# No one boat is NOT enough ...



## Spec-Rig.006 (Nov 2, 2007)

Anywone know where I can get my hands on some Cypress ... ? I'm following my heritage and building a pirogue ...

Photos to come, start to finish ... thanks guys.


----------



## Hooked (Oct 15, 2004)

Try M&G Sawmill in Huntsville or the local hardwood lumber yards -- Houston Hardwoods and Clarks Hardwood


----------



## Pocketfisherman (May 30, 2005)

Here's a good resource for boat wood:

http://www.glen-l.com/resources/lumber-suppliers.html


----------



## Harbormaster (May 26, 2000)

Spec-Rig.006 said:


> I'm following my heritage and building a pirogue ...

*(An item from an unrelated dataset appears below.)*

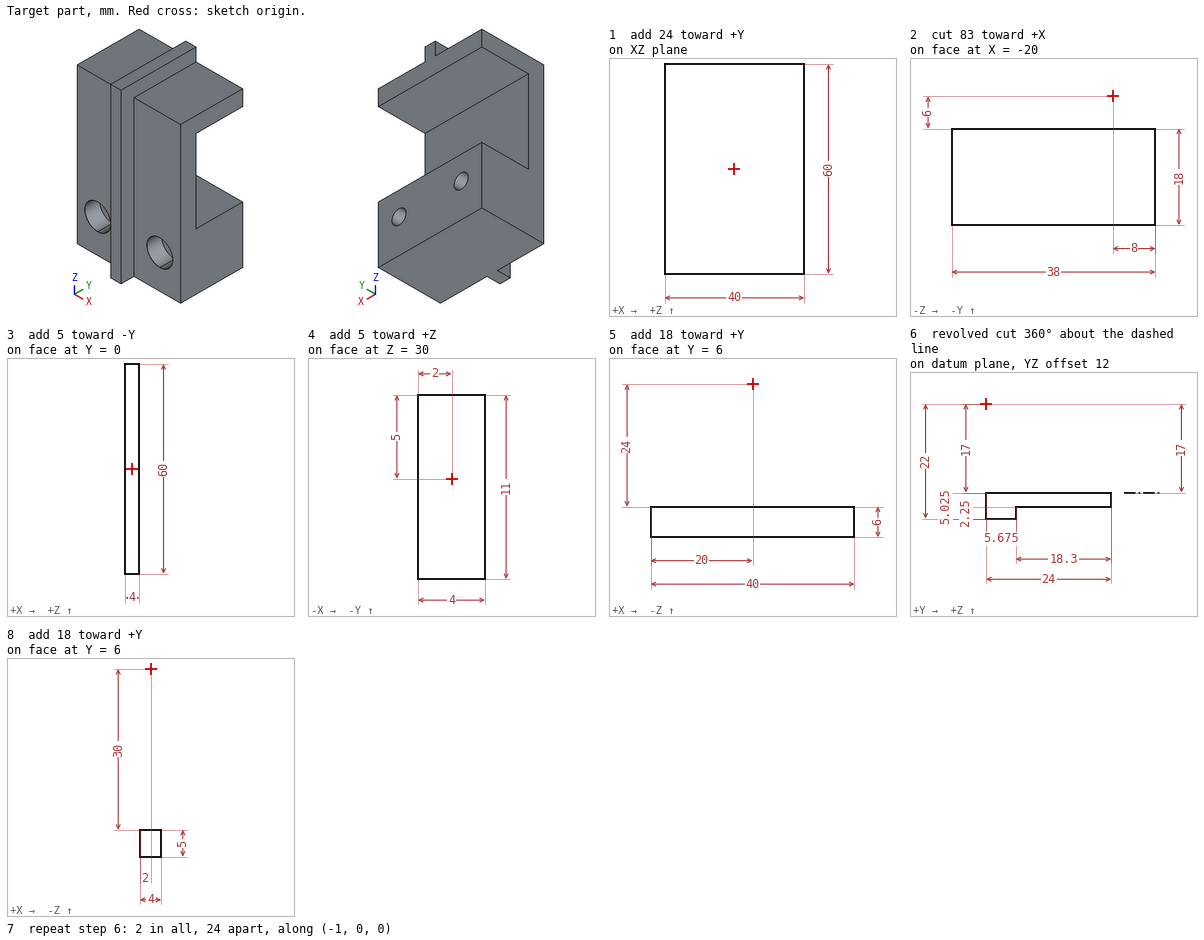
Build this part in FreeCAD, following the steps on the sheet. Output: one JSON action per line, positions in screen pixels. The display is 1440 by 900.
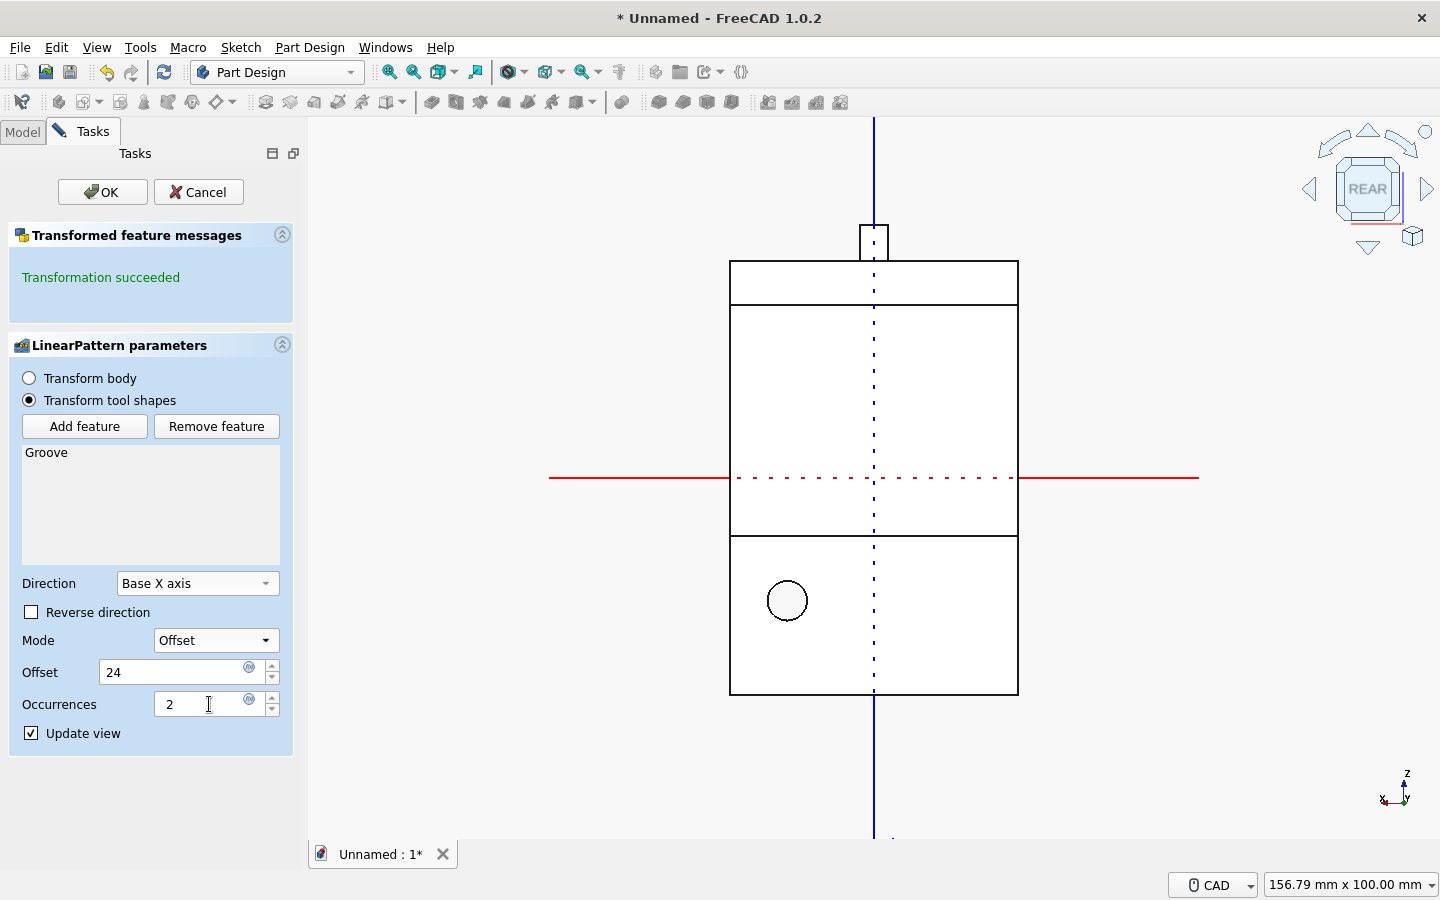
{"action": "left_click", "coordinate": [30, 612]}

:rotfl: Hand carved with your buck teeth no doubt! You're some kind of serious 'bout them divin ducks and Muscovies aint you...son!

Sent from my lap top using peck-n-type!


----------



## catndahats (Sep 15, 2005)

look on Southeasttexas.com under building materials. In the past, there were several sawyers listed on there that cut cypress. Good luck, that is beautiful wood.


----------



## Gator gar (Sep 21, 2007)

I can get you what you want. It will be sawn green to your order and you'll have to sticker it and let it dry or I can give you the name of a guy that has a kiln.


----------



## Spec-Rig.006 (Nov 2, 2007)

Fantastic guys ... thanks a bunch. Really pretty stuff, some folks were tearing down an old cypress built barn in Houma a few years ago and I managed to get my hands on some planks for adirondacks but didn't have much left over ...

Harb ... naw man ... I just need something to fill full of beer and crawfish ... !


----------



## devil1824 (Sep 4, 2010)

Theres a guy named Troy Landry that might be able to help.


----------



## 3192 (Dec 30, 2004)

Not sure where you are located, but Acadian Hardwoods over in Rose City has some incredible Cypress plus other hardwoods. Great people to work with! gb

http://www.acadianhardwoods.com/


----------